▸ TASK BRIEF
Among the entries that follow, the required portion opens with the line containing "For every layout" and closes with the line containing "text 2. the". Give that portion again exactly, and nothing else.
(Beginning of EXTRACTED DATA)
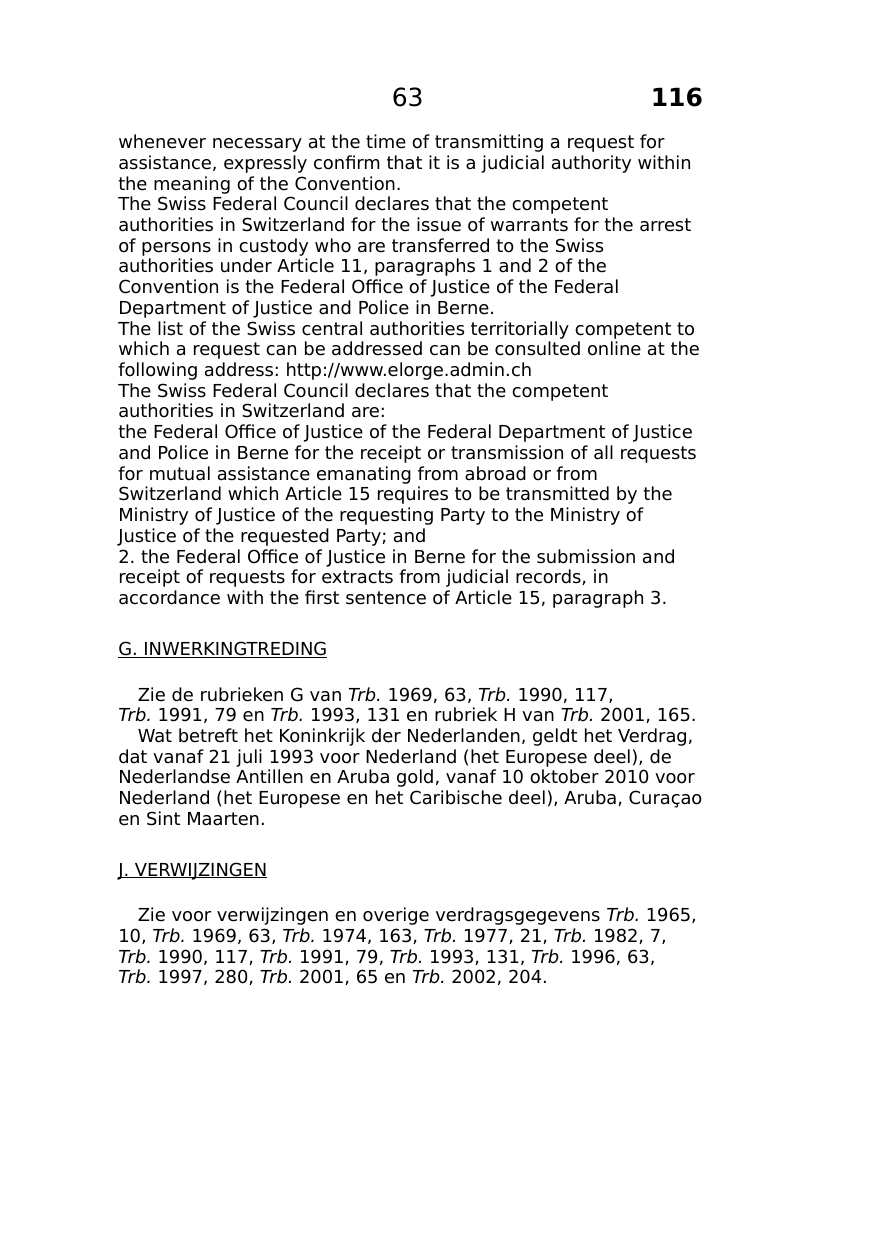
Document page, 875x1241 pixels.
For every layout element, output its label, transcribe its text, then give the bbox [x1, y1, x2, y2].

text The Swiss Federal Council declares that the competent authorities in Switzerland for the issue of warrants for the arrest of persons in custody who are transferred to the Swiss authorities under Article 11, paragraphs 1 and 2 of the Convention is the Federal Office of Justice of the Federal Department of Justice and Police in Berne. [118, 194, 703, 318]
subtitle J. VERWIJZINGEN [118, 859, 703, 880]
text The list of the Swiss central authorities territorially competent to which a request can be addressed can be consulted online at the following address: http://www.elorge.admin.ch [118, 318, 703, 381]
text Zie de rubrieken G van Trb. 1969, 63, Trb. 1990, 117, Trb. 1991, 79 en Trb. 1993, 131 en rubriek H van Trb. 2001, 165. [118, 684, 703, 726]
text Wat betreft het Koninkrijk der Nederlanden, geldt het Verdrag, dat vanaf 21 juli 1993 voor Nederland (het Europese deel), de Nederlandse Antillen en Aruba gold, vanaf 10 oktober 2010 voor Nederland (het Europese en het Caribische deel), Aruba, Curaçao en Sint Maarten. [118, 726, 703, 829]
subtitle G. INWERKINGTREDING [118, 639, 703, 659]
text whenever necessary at the time of transmitting a request for assistance, expressly confirm that it is a judicial authority within the meaning of the Convention. [118, 132, 703, 194]
text The Swiss Federal Council declares that the competent authorities in Switzerland are: [118, 381, 703, 422]
text the Federal Office of Justice of the Federal Department of Justice and Police in Berne for the receipt or transmission of all requests for mutual assistance emanating from abroad or from Switzerland which Article 15 requires to be transmitted by the Ministry of Justice of the requesting Party to the Ministry of Justice of the requested Party; and [118, 422, 703, 546]
text 2. the Federal Office of Justice in Berne for the submission and receipt of requests for extracts from judicial records, in accordance with the first sentence of Article 15, paragraph 3. [118, 546, 703, 609]
text Zie voor verwijzingen en overige verdragsgegevens Trb. 1965, 10, Trb. 1969, 63, Trb. 1974, 163, Trb. 1977, 21, Trb. 1982, 7, Trb. 1990, 117, Trb. 1991, 79, Trb. 1993, 131, Trb. 1996, 63, Trb. 1997, 280, Trb. 2001, 65 en Trb. 2002, 204. [118, 905, 703, 988]
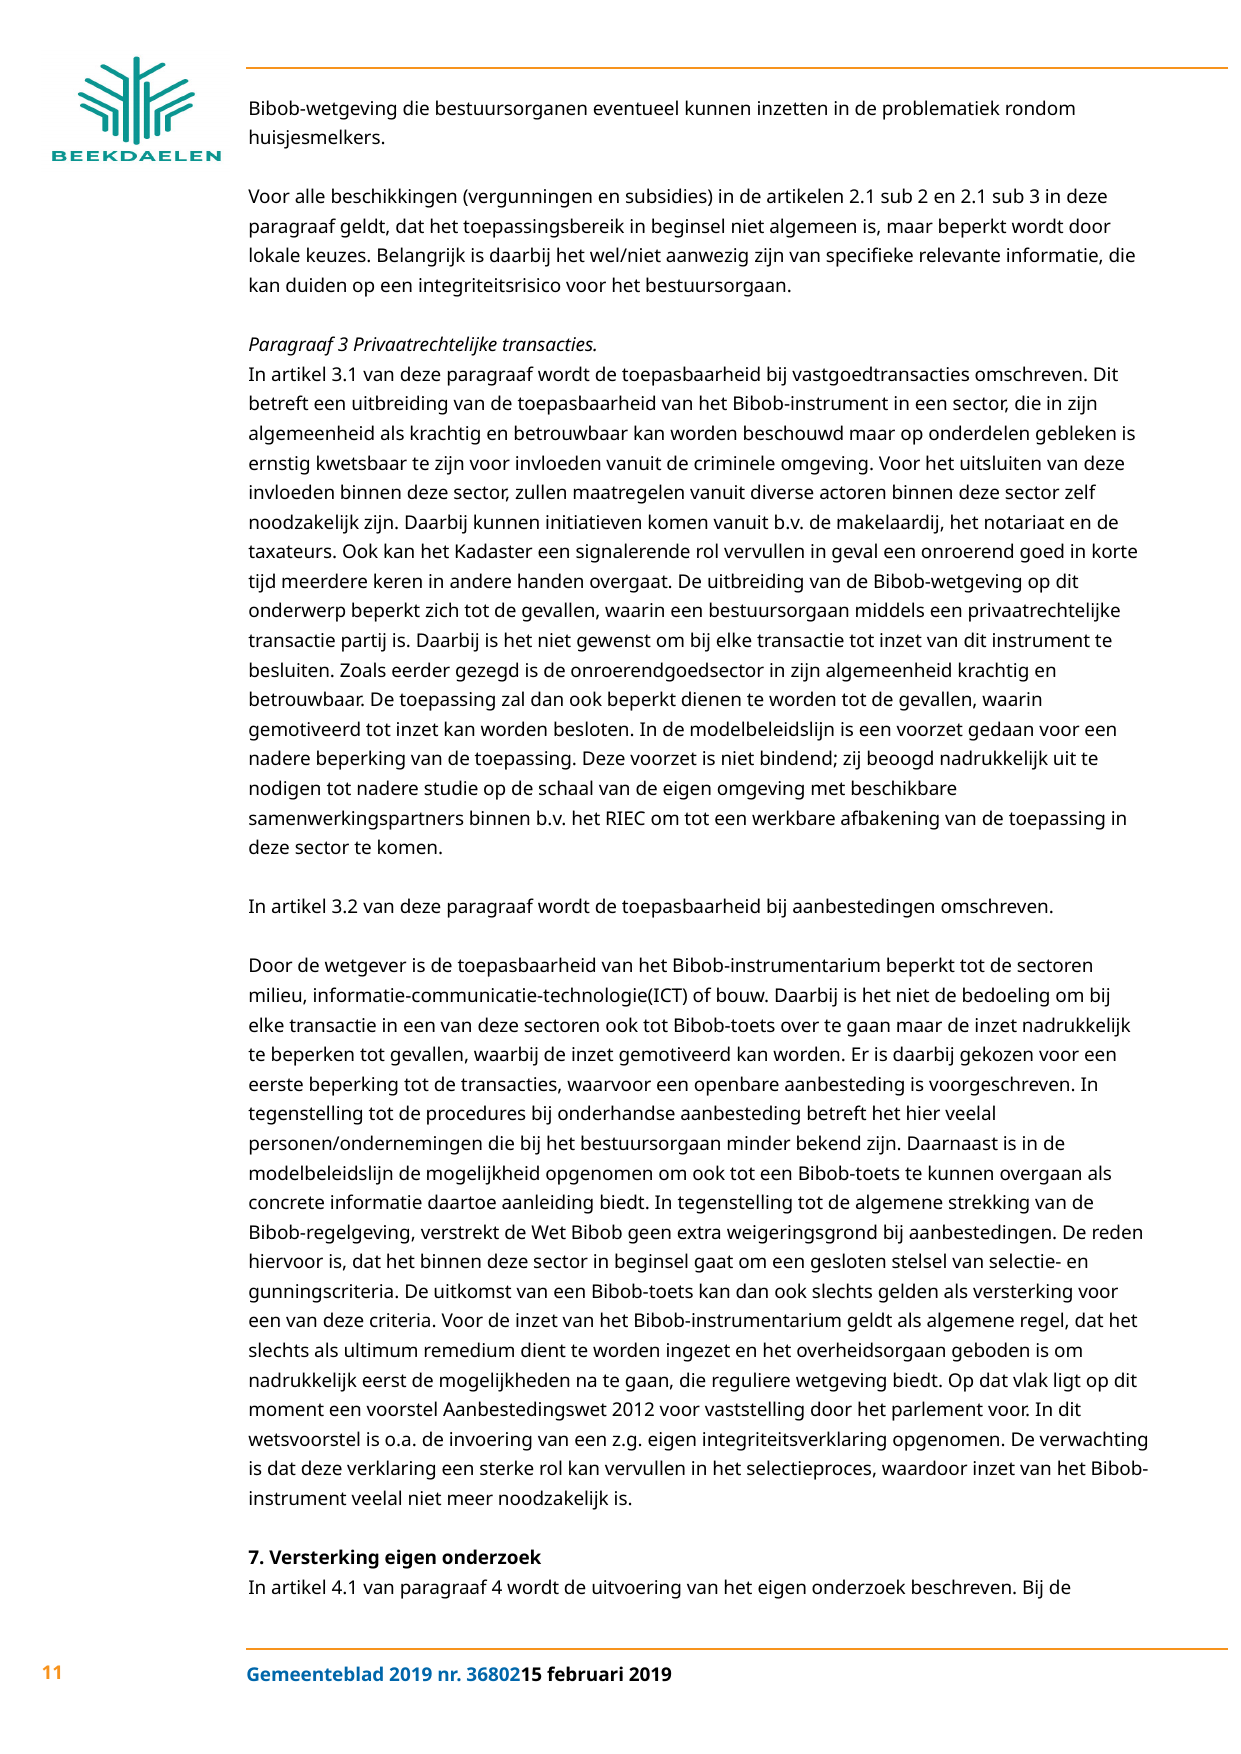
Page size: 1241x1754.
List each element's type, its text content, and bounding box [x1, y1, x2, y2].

text Bibob-wetgeving die bestuursorganen eventueel kunnen inzetten in de problematiek rondom huisjesmelkers. [248, 95, 1152, 150]
text In artikel 4.1 van paragraaf 4 wordt de uitvoering van het eigen onderzoek beschreven. Bij de [248, 1574, 1152, 1600]
picture [41, 47, 231, 172]
text Voor alle beschikkingen (vergunningen en subsidies) in de artikelen 2.1 sub 2 en 2.1 sub 3 in deze paragraaf geldt, dat het toepassingsbereik in beginsel niet algemeen is, maar beperkt wordt door lokale keuzes. Belangrijk is daarbij het wel/niet aanwezig zijn van specifieke relevante informatie, die kan duiden op een integriteitsrisico voor het bestuursorgaan. [248, 183, 1152, 298]
text In artikel 3.1 van deze paragraaf wordt de toepasbaarheid bij vastgoedtransacties omschreven. Dit betreft een uitbreiding van de toepasbaarheid van het Bibob-instrument in een sector, die in zijn algemeenheid als krachtig en betrouwbaar kan worden beschouwd maar op onderdelen gebleken is ernstig kwetsbaar te zijn voor invloeden vanuit de criminele omgeving. Voor het uitsluiten van deze invloeden binnen deze sector, zullen maatregelen vanuit diverse actoren binnen deze sector zelf noodzakelijk zijn. Daarbij kunnen initiatieven komen vanuit b.v. de makelaardij, het notariaat en de taxateurs. Ook kan het Kadaster een signalerende rol vervullen in geval een onroerend goed in korte tijd meerdere keren in andere handen overgaat. De uitbreiding van de Bibob-wetgeving op dit onderwerp beperkt zich tot de gevallen, waarin een bestuursorgaan middels een privaatrechtelijke transactie partij is. Daarbij is het niet gewenst om bij elke transactie tot inzet van dit instrument te besluiten. Zoals eerder gezegd is de onroerendgoedsector in zijn algemeenheid krachtig en betrouwbaar. De toepassing zal dan ook beperkt dienen te worden tot de gevallen, waarin gemotiveerd tot inzet kan worden besloten. In de modelbeleidslijn is een voorzet gedaan voor een nadere beperking van de toepassing. Deze voorzet is niet bindend; zij beoogd nadrukkelijk uit te nodigen tot nadere studie op de schaal van de eigen omgeving met beschikbare samenwerkingspartners binnen b.v. het RIEC om tot een werkbare afbakening van de toepassing in deze sector te komen. [248, 361, 1152, 860]
text 7. Versterking eigen onderzoek [248, 1544, 1152, 1570]
text Paragraaf 3 Privaatrechtelijke transacties. [248, 331, 1152, 357]
text Door de wetgever is de toepasbaarheid van het Bibob-instrumentarium beperkt tot de sectoren milieu, informatie-communicatie-technologie(ICT) of bouw. Daarbij is het niet de bedoeling om bij elke transactie in een van deze sectoren ook tot Bibob-toets over te gaan maar de inzet nadrukkelijk te beperken tot gevallen, waarbij de inzet gemotiveerd kan worden. Er is daarbij gekozen voor een eerste beperking tot de transacties, waarvoor een openbare aanbesteding is voorgeschreven. In tegenstelling tot de procedures bij onderhandse aanbesteding betreft het hier veelal personen/ondernemingen die bij het bestuursorgaan minder bekend zijn. Daarnaast is in de modelbeleidslijn de mogelijkheid opgenomen om ook tot een Bibob-toets te kunnen overgaan als concrete informatie daartoe aanleiding biedt. In tegenstelling tot de algemene strekking van de Bibob-regelgeving, verstrekt de Wet Bibob geen extra weigeringsgrond bij aanbestedingen. De reden hiervoor is, dat het binnen deze sector in beginsel gaat om een gesloten stelsel van selectie- en gunningscriteria. De uitkomst van een Bibob-toets kan dan ook slechts gelden als versterking voor een van deze criteria. Voor de inzet van het Bibob-instrumentarium geldt als algemene regel, dat het slechts als ultimum remedium dient te worden ingezet en het overheidsorgaan geboden is om nadrukkelijk eerst de mogelijkheden na te gaan, die reguliere wetgeving biedt. Op dat vlak ligt op dit moment een voorstel Aanbestedingswet 2012 voor vaststelling door het parlement voor. In dit wetsvoorstel is o.a. de invoering van een z.g. eigen integriteitsverklaring opgenomen. De verwachting is dat deze verklaring een sterke rol kan vervullen in het selectieproces, waardoor inzet van het Bibob-instrument veelal niet meer noodzakelijk is. [248, 953, 1152, 1511]
text In artikel 3.2 van deze paragraaf wordt de toepasbaarheid bij aanbestedingen omschreven. [248, 893, 1152, 919]
(End of EXTRACTED DATA)
▸ RESULT
For every layout element, output its label, transcribe its text, then give the bbox [x1, y1, x2, y2].

text The Swiss Federal Council declares that the competent authorities in Switzerland for the issue of warrants for the arrest of persons in custody who are transferred to the Swiss authorities under Article 11, paragraphs 1 and 2 of the Convention is the Federal Office of Justice of the Federal Department of Justice and Police in Berne. [118, 194, 703, 318]
subtitle J. VERWIJZINGEN [118, 859, 703, 880]
text The list of the Swiss central authorities territorially competent to which a request can be addressed can be consulted online at the following address: http://www.elorge.admin.ch [118, 318, 703, 381]
text Zie de rubrieken G van Trb. 1969, 63, Trb. 1990, 117, Trb. 1991, 79 en Trb. 1993, 131 en rubriek H van Trb. 2001, 165. [118, 684, 703, 726]
text Wat betreft het Koninkrijk der Nederlanden, geldt het Verdrag, dat vanaf 21 juli 1993 voor Nederland (het Europese deel), de Nederlandse Antillen en Aruba gold, vanaf 10 oktober 2010 voor Nederland (het Europese en het Caribische deel), Aruba, Curaçao en Sint Maarten. [118, 726, 703, 829]
subtitle G. INWERKINGTREDING [118, 639, 703, 659]
text whenever necessary at the time of transmitting a request for assistance, expressly confirm that it is a judicial authority within the meaning of the Convention. [118, 132, 703, 194]
text The Swiss Federal Council declares that the competent authorities in Switzerland are: [118, 381, 703, 422]
text the Federal Office of Justice of the Federal Department of Justice and Police in Berne for the receipt or transmission of all requests for mutual assistance emanating from abroad or from Switzerland which Article 15 requires to be transmitted by the Ministry of Justice of the requesting Party to the Ministry of Justice of the requested Party; and [118, 422, 703, 546]
text 2. the Federal Office of Justice in Berne for the submission and receipt of requests for extracts from judicial records, in accordance with the first sentence of Article 15, paragraph 3. [118, 546, 703, 609]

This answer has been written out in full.